Wednesday, October 24, 2007

Horseshoe Crab Test

A couple of weeks ago, I was blogging about the fact that understanding evolutionary theory has no practical implications for doing biological or any other scientific research. I quoted Phillip Skell, including...
...neither medical schools nor pharmaceutical firms maintain divisions of evolutionary science.
I thought I'd mention (from time to time) some of the ways in which chemicals derived from other organisms seem to serve a purpose (there's that word again, the one that has no place in the vocabulary of a naturalistic evolutionist) for human beings. At a minimum, I will be providing evidential support for Skell's claim above. Perhaps such evidence will also serve as a design argument (on yet another level), as I can't imagine a Darwinian "just-so story" for some of what I have in mind.

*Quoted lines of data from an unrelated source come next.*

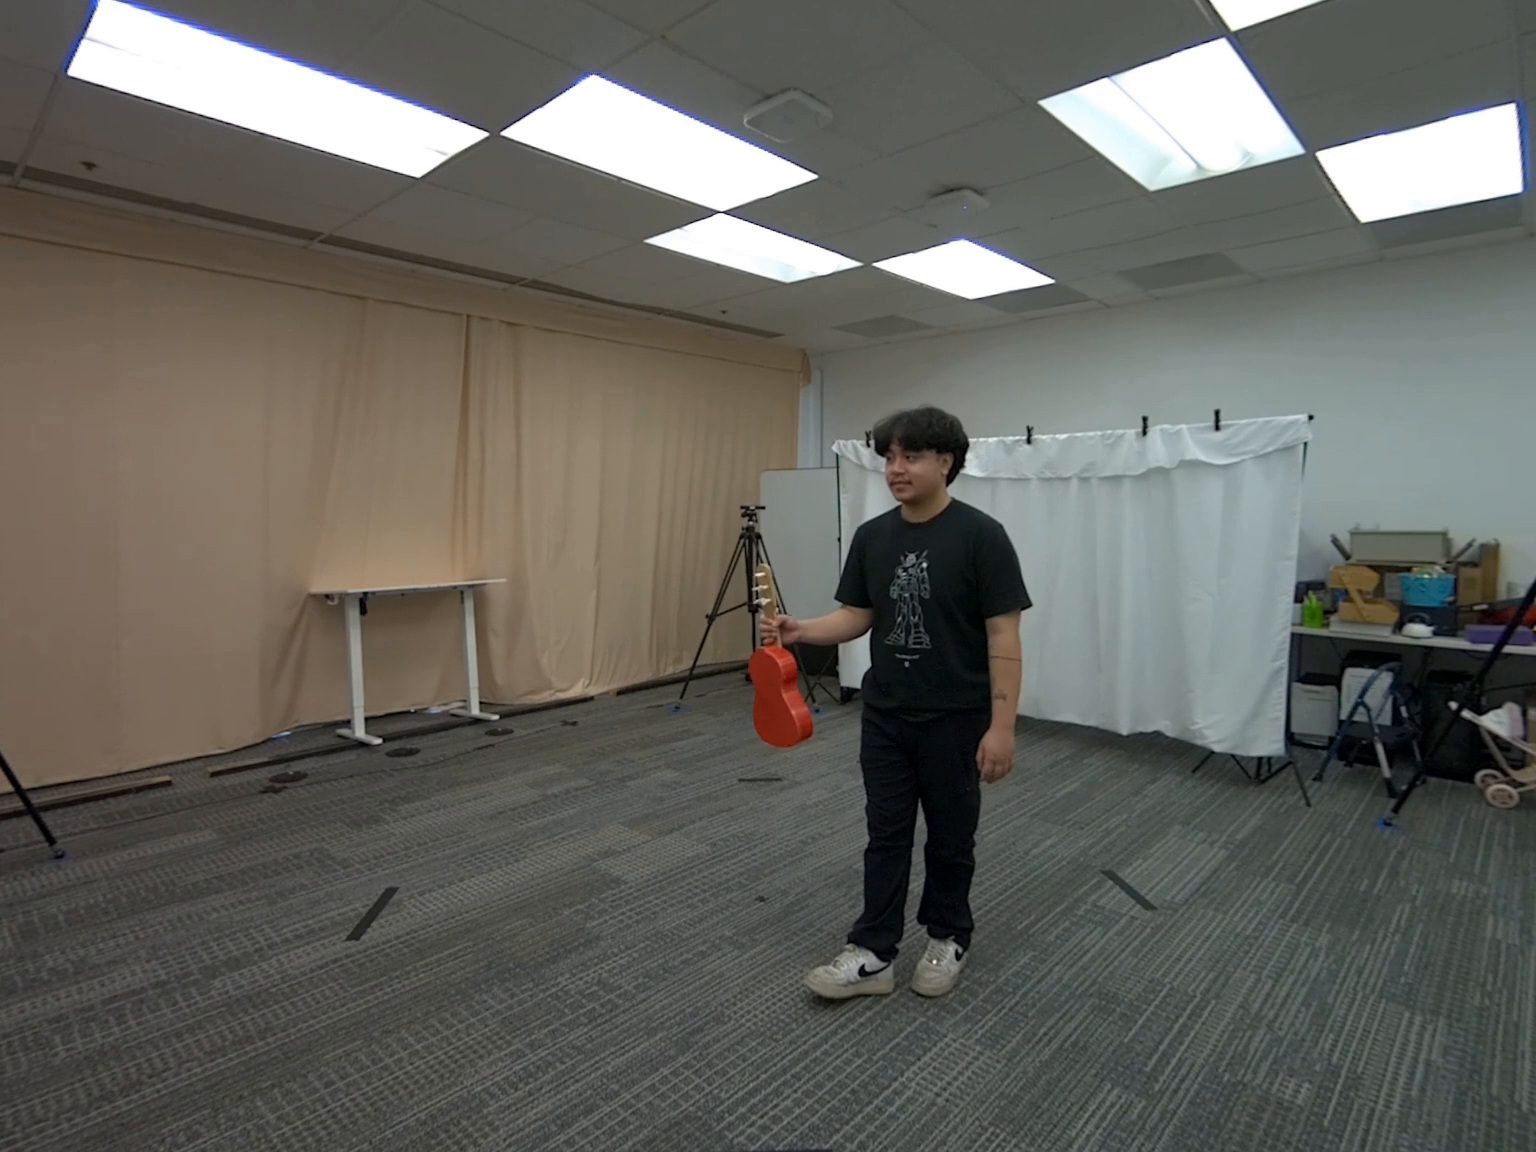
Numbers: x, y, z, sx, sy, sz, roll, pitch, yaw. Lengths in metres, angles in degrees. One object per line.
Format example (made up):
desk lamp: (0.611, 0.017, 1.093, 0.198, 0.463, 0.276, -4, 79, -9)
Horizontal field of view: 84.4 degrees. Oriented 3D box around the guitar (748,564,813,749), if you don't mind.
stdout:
guitar: (-0.002, 0.227, 2.355, 0.069, 0.500, 0.197, -9, -8, -34)
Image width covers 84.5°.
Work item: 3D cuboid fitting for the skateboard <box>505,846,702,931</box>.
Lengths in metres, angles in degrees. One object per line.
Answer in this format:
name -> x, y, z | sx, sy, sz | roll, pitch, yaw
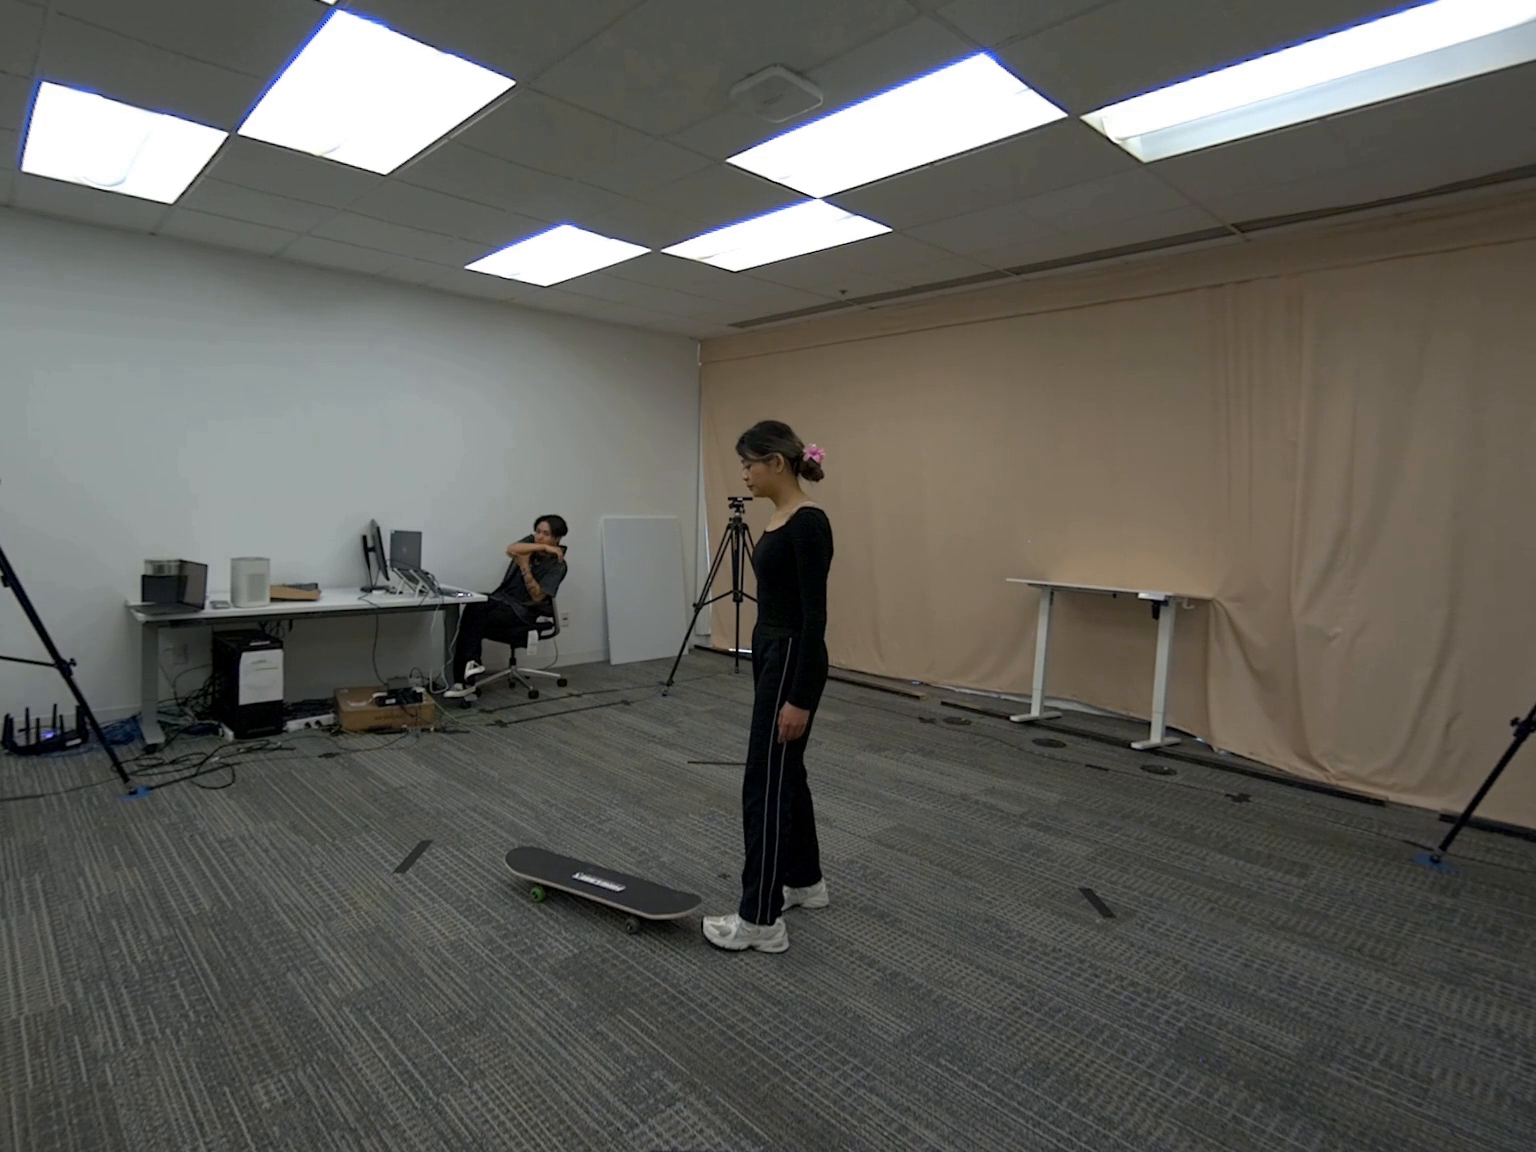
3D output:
skateboard -> -0.582, 1.068, 2.842 | 0.802, 0.110, 0.190 | 5, 6, 28

For starters, consider the Horseshoe Crab. A clotting agent derived uniquely from the blood of these strange-looking arthropods is used to test every intravenous drug administered to people. It's a test for purity from harmful bacteria, and no IV drug reaches your hospital pharmacy without first having passd the Horseshoe Crab test.

On a Christian worldview, this makes perfect sense. We are told that God created other life in part for our benefit, and so we search the living world for cures for human diseases. And such searching continues to reap benefits. But what I don't understand is how an evolutionary naturalist would ever expect this, or how he could justify beginning such a search. On his view, natural selection acts without purpose or design, and certainly doesn't evolve some life forms for the benefit of humans that don't even inhabit the same ecosystem. Moreover, the alleged common ancestor of humans and arthropods would have to have been very early in the history of life, and many of the intermediate life forms almost certainly lacked either the clotting compound of the "crab" or the intravenous drug use of the human.

This is, of course, just the first of dozens--perhaps hundreds--of examples that could be delineated. Besides just brute fact or lucky happenstance, can anyone suggest how a naturalist could explain these sorts of beneficial relationships?